Pour les experts de la FAO, l’agence onusienne chargée
de l’agriculture et de l’alimentation, les «restrictions à l’exportation»
débouchent parfois sur des famines dans d’autres coins du globe.
«Émeutes de la faim»
Après la crise financière de 2007, «quelques pays
producteurs de riz comme l’Inde et le Vietnam ont placé des restrictions à
l’exportation, car ils s’inquiétaient de la hausse des prix, ce qui a en retour
fait augmenter les prix mondiaux, et contribué à créer des émeutes de la faim
dans certains pays en développement » rappelle Abby Abbassian, économiste
principal de la FAO, interrogé par téléphone par l’AFP à
Rome.
Les trois organisations internationales s’inquiètent
d’autres facteurs menaçant la chaîne alimentaire
mondiale.
Le «ralentissement de la circulation des travailleurs
de l’industrie agricole et alimentaire » bloque de nombreuses agricultures
occidentales. Avec la fermeture des frontières due au coronavirus, elles se
découvrent toutes en même temps dépendantes de main d’œuvre venue d’ailleurs :
Latino-Américains aux États-Unis, Maghrébins pour récolter les fraises en
Espagne, backpackers européens en Australie, travailleurs agricoles d’Europe de
l’Est dans les champs d’asperges en Allemagne...

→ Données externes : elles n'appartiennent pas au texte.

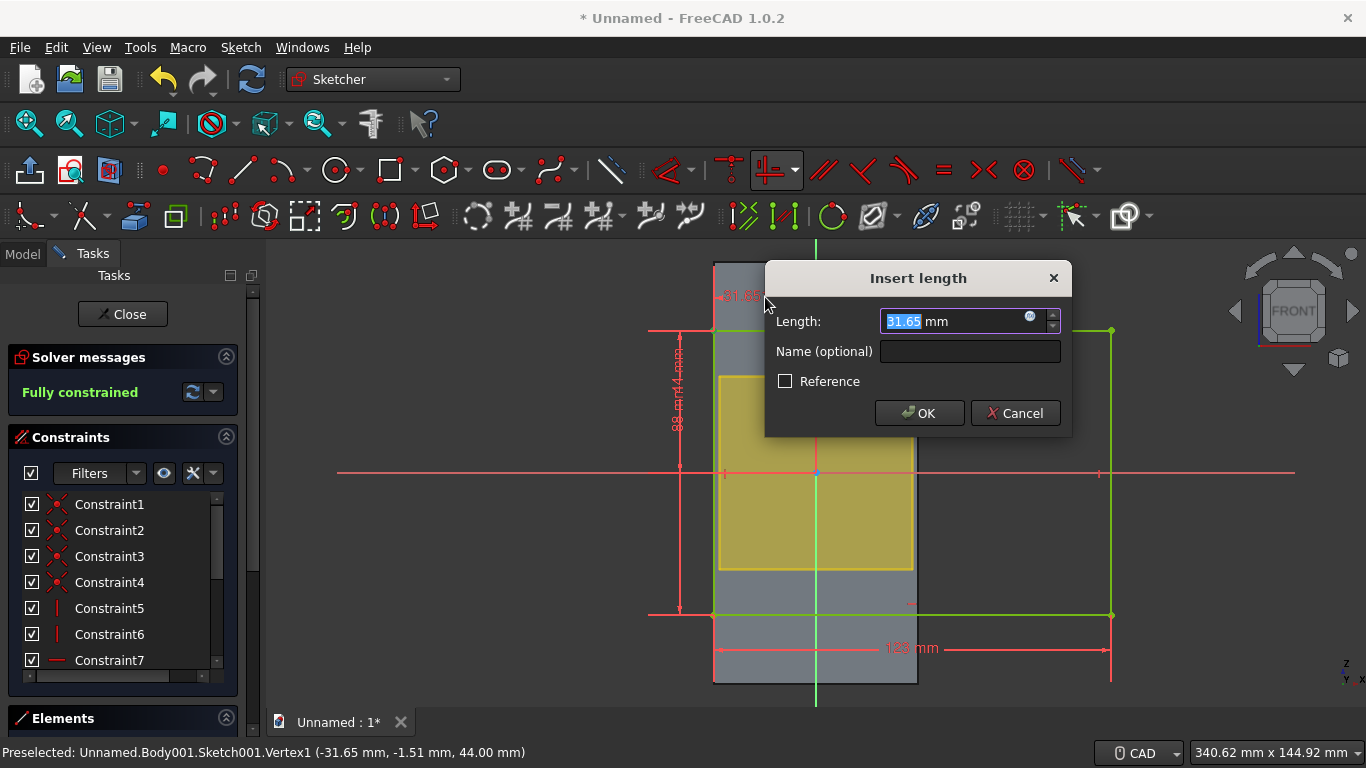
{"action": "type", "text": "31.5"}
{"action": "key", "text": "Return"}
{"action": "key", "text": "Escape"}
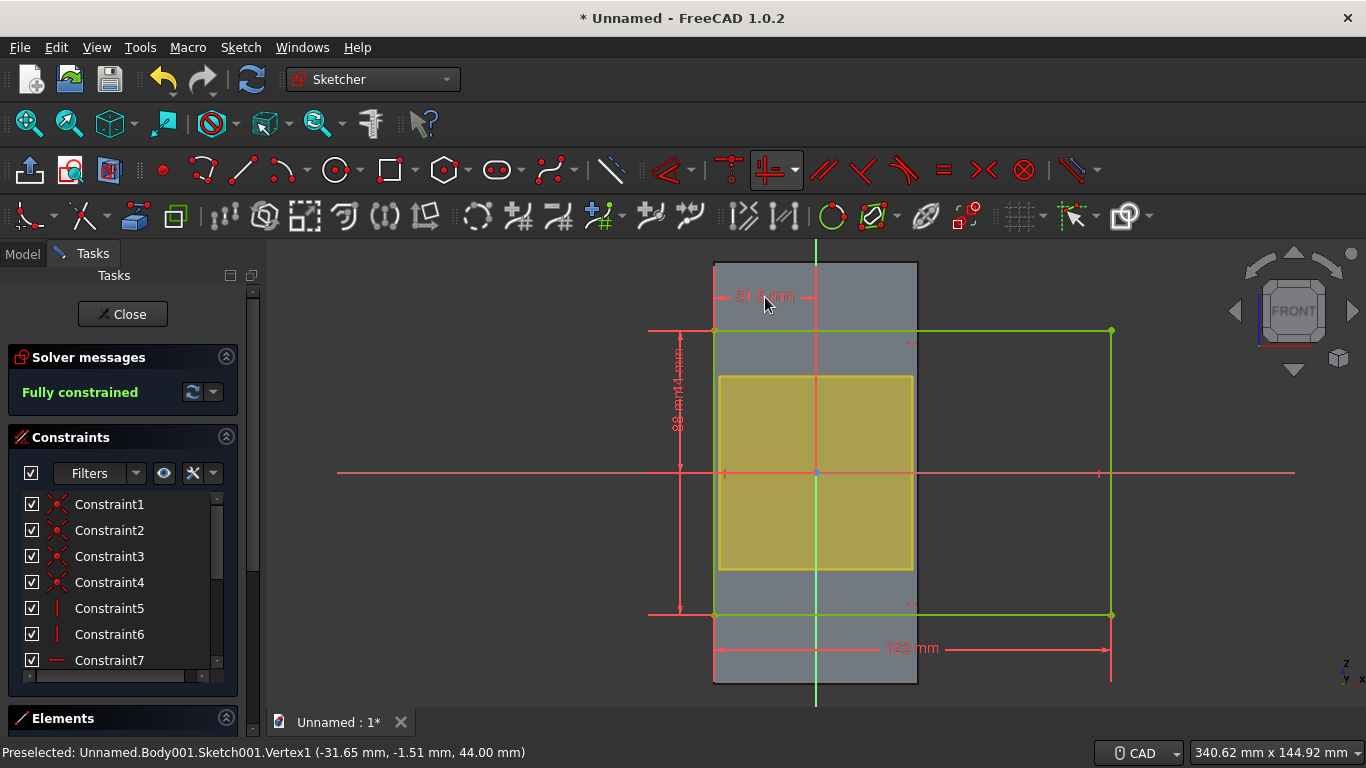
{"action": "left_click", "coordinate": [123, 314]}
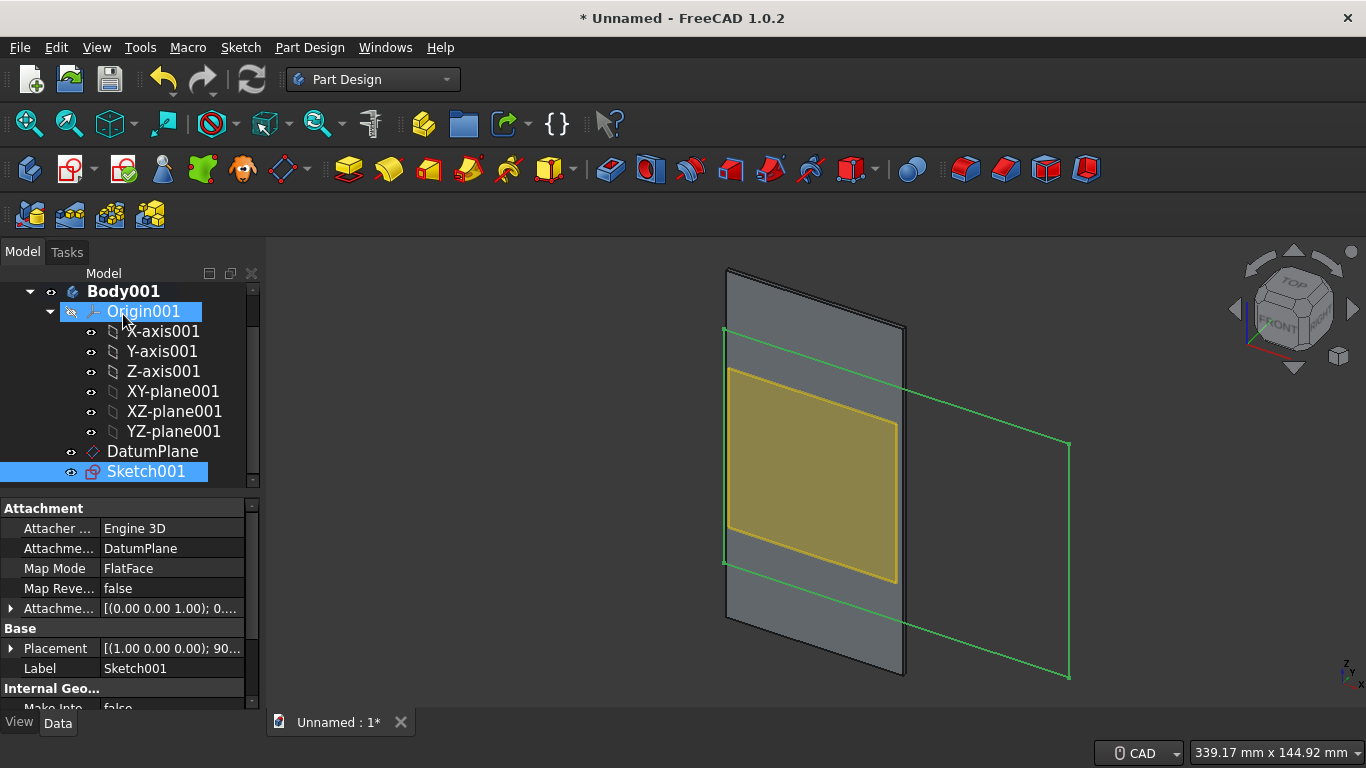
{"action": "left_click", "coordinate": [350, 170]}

Autre maillon suscitant l’inquiétude, les « retards
aux frontières pour les conteneurs » de marchandises, qui entraînent un «
gâchis de produits périssables et une hausse du gaspillage alimentaire
».
Au plus fort de la crise du coronavirus en Chine, des
bateaux chargés de conteneurs de lait en poudre venant d’Europe n’ont même pas
pu être déchargés par manque de main d’œuvre dans les ports, par
exemple.
Par ailleurs, alors que des salariés de l’emblématique
magasin bio américain Whole Foods, propriété d’Amazon, se mettent en grève pour
leur santé face au coronavirus, les trois organisations internationales
s’inquiètent aussi du besoin de « protection » du personnel de la production
alimentaire ou de la distribution.
Leur souci est aussi bien de « minimiser la
propagation du virus » dans ce secteur que de « maintenir les chaînes
d’approvisionnement alimentaire ». Par temps de pandémie, l’alimentation est
devenue prioritaire pour des centaines de millions de personnes confinées dans
le monde.
« Lorsqu’il est question de protéger la santé et le
bien-être de leurs concitoyens, les pays doivent s’assurer que l’ensemble des
mesures commerciales ne perturbe pas la chaîne de l’approvisionnement
alimentaire », résument les chefs de la FAO, de l’OMS et de
l’OMC.
« C’est dans des périodes comme celles-ci que la
coopération internationale est essentielle »,
soulignent-ils.
« Nous devons nous assurer que notre réponse face à la
pandémie de la Covid-19 ne crée pas, de manière involontaire, des pénuries
injustifiées de produits essentiels et exacerbe la faim et la malnutrition »,
concluent-ils.
« Nous ne sommes qu’au début de cette crise », juge
l’économiste Abby Abassian, selon lequel il ne s’agit pas d’une crise de
production, mais surtout d’une crise de transport et de
logistique.
Selon lui, la situation en Inde va être déterminante
pour la suite. « Les récoltes commencent dans quelques semaines, la fluidité
des marchandises doit être assurée » dit-il.